## Work instruction:
Restate word for word the lines of the entries below, starting with the line that holds "921x1316 pixels." and ending with the line that holds "Task: Click on", and no others.

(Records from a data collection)
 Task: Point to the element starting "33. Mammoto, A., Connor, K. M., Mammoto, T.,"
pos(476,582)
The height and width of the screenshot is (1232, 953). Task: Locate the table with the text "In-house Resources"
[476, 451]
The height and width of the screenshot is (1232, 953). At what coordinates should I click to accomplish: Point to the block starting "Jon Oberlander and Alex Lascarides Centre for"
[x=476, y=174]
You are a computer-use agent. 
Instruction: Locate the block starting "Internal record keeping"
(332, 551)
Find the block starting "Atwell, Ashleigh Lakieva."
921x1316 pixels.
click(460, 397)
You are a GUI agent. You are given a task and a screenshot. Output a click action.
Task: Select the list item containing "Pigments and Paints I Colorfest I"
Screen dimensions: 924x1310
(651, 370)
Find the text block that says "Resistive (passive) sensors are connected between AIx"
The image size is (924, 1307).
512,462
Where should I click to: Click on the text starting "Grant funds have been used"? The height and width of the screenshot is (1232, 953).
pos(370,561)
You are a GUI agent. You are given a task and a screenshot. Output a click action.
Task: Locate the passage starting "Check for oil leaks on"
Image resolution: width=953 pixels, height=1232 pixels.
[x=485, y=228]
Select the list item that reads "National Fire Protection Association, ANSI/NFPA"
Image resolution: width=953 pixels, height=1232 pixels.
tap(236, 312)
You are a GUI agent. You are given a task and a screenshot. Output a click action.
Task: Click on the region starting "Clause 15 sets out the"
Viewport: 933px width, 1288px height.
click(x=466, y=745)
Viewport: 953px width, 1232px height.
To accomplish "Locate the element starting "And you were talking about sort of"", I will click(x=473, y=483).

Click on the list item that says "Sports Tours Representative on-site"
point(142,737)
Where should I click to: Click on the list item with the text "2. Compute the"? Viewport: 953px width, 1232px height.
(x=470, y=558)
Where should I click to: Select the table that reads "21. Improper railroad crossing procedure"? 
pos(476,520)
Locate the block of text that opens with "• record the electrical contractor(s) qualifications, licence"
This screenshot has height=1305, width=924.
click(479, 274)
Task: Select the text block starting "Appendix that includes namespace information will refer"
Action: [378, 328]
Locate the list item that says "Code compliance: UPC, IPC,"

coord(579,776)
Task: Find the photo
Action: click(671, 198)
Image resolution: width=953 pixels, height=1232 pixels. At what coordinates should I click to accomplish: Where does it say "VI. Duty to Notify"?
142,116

## Task response:
921x1316 pixels.
click(460, 397)
You are a GUI agent. You are given a task and a screenshot. Output a click action.
Task: Select the list item containing "Pigments and Paints I Colorfest I"
Screen dimensions: 924x1310
(651, 370)
Find the text block that says "Resistive (passive) sensors are connected between AIx"
The image size is (924, 1307).
512,462
Where should I click to: Click on the text starting "Grant funds have been used"? The height and width of the screenshot is (1232, 953).
pos(370,561)
You are a GUI agent. You are given a task and a screenshot. Output a click action.
Task: Locate the passage starting "Check for oil leaks on"
Image resolution: width=953 pixels, height=1232 pixels.
[x=485, y=228]
Select the list item that reads "National Fire Protection Association, ANSI/NFPA"
Image resolution: width=953 pixels, height=1232 pixels.
tap(236, 312)
You are a GUI agent. You are given a task and a screenshot. Output a click action.
Task: Click on the region starting "Clause 15 sets out the"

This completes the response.